In plants, the nitrate transporters, NRT1.1 and NRT2.1, are mainly responsible for nitrate uptake. Intriguingly, both nitrate transporters are located in a complementary manner in different cells layers of the mature root suggesting that their coordination should occur during nitrate uptake and plant growth. This hypothesis was examined on 5-d-old rape seedlings grown on agar medium supplemented with 1 or 5mM nitrate. Seedlings were treated with increasing potassium glutamate concentrations in order to uncouple the two nitrate transporters by inhibiting BnNRT2.1 expression and activity specifically. In both nitrate treatments, increasing the glutamate concentrations from 0.5 to 10mM induced a reduction in (15)NO 3(-) uptake and an inhibition of N assimilation. The decrease in (15)NO 3(-) uptake was caused by downregulation of BnNRT2.1 expression but surprisingly it was not compensated by the upregulation of BnNRT1.1. This created an unprecedented physiological situation where the effects of the nitrate signal on shoot growth were solely modulated by nitrate absorption. In these conditions, the osmotic water flow for volumetric shoot growth was mainly dependent on active nitrate transport and nitrate signaling. This behavior was confirmed by the allometric relationships found between changes in the root length with (15)N and water accumulation in the shoot. These findings demonstrate that the BnNRT2.1 transporter is essential for nitrate uptake and growth, and renew the question of the respective roles of the NRT2.1 and NRT1.1 transporters in nitrate uptake and sensing at the whole plant level.

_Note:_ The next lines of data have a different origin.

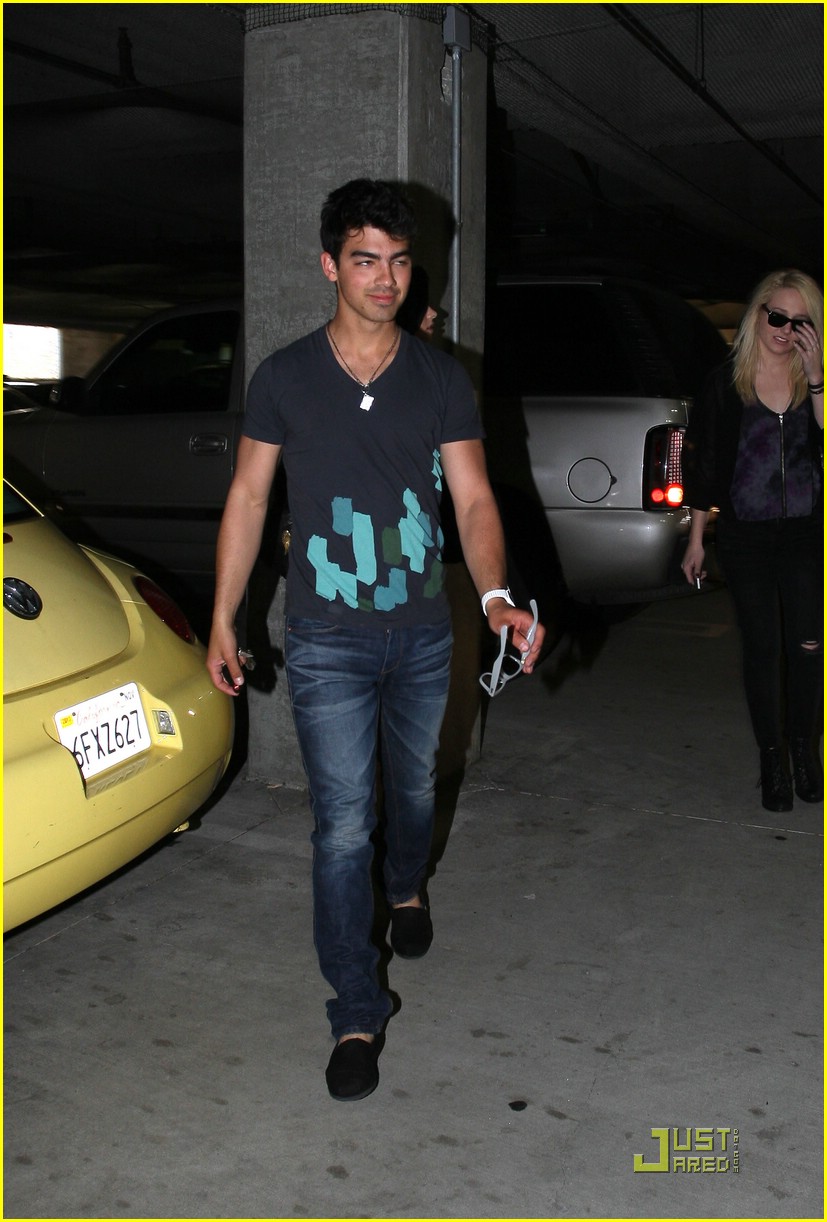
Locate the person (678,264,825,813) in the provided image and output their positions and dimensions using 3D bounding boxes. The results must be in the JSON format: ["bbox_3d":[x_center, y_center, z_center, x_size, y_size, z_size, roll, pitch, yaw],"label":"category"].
[{"bbox_3d":[1.253,-0.226,3.772,0.542,1.930,0.341,2,10,15],"label":"person"}]

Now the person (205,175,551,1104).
[{"bbox_3d":[-0.085,0.036,2.272,0.565,1.865,0.566,-7,11,-36],"label":"person"}]

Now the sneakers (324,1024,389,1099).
[{"bbox_3d":[-0.129,0.936,2.115,0.101,0.085,0.112,-2,9,-11],"label":"sneakers"}]

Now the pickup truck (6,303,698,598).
[{"bbox_3d":[-0.482,-0.812,5.572,3.817,1.408,1.491,6,10,21],"label":"pickup truck"}]

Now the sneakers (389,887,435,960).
[{"bbox_3d":[-0.012,0.841,2.743,0.079,0.055,0.190,-1,12,2],"label":"sneakers"}]

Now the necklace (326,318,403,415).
[{"bbox_3d":[-0.103,-0.505,2.145,0.153,0.180,0.135,-1,9,-5],"label":"necklace"}]

Elongation changes of exploratory and root hair systems induced by aminocyclopropane carboxylic acid and aminoethoxyvinylglycine affect nitrate uptake and BnNrt2.1 and BnNrt1.1 transporter gene expression in oilseed rape.

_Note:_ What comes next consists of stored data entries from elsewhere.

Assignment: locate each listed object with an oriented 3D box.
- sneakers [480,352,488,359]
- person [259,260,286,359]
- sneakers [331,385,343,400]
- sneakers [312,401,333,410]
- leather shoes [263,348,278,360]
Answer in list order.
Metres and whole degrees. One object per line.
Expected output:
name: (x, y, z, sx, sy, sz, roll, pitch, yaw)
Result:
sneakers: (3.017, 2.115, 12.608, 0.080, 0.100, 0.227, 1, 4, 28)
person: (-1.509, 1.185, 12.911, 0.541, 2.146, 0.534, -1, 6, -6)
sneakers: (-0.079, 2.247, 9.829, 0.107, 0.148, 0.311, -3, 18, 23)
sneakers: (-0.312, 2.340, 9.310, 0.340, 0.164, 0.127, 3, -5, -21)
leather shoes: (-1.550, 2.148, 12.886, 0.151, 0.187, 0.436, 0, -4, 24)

Ethylene is a plant hormone that plays a major role in the elongation of both exploratory and root hair systems. Here, we demonstrate in Brassica napus seedlings that treatments with the ethylene precursor, aminocyclopropane carboxylic acid (ACC) and the ethylene biosynthesis inhibitor, aminoethoxyvinylglycine (AVG), cause modification of the dynamic processes of primary root and root hair elongation in a dose-dependent way. Moreover, restoration of root elongation in AVG-treated seedlings by 1 mm l-glutamate suggested that high concentrations of AVG affect root elongation through nonoverlapping ethylene metabolic pathway involving pyridoxal 5'-P-dependent enzymes of nitrate (N) metabolism. In this respect, treatments with high concentrations of ACC and AVG (10 mum) over 5 d revealed significant differences in relationships between root growth architecture and N uptake capacities. Indeed, if these treatments decreased severely the elongation of the exploratory root system (primary root and lateral roots) they had opposing effects on the root hair system. Although ACC increased the length and number of root hairs, the rate of N uptake and the transcript level of the N transporter BnNrt2.1 were markedly reduced. In contrast, the decrease in root hair length and number in AVG-treated seedlings was overcompensated by an increase of N uptake and BnNrt2.1 gene expression. These root architectural changes demonstrated that BnNrt2.1 expression levels were more correlated to the changes of the exploratory root system than the changes of the root hair system. The difference between treatments in N transporters BnNrt1.1 and BnNrt2.1 gene expression is discussed with regard to presumed transport functions of BnNrt1.1 in relation to root elongation.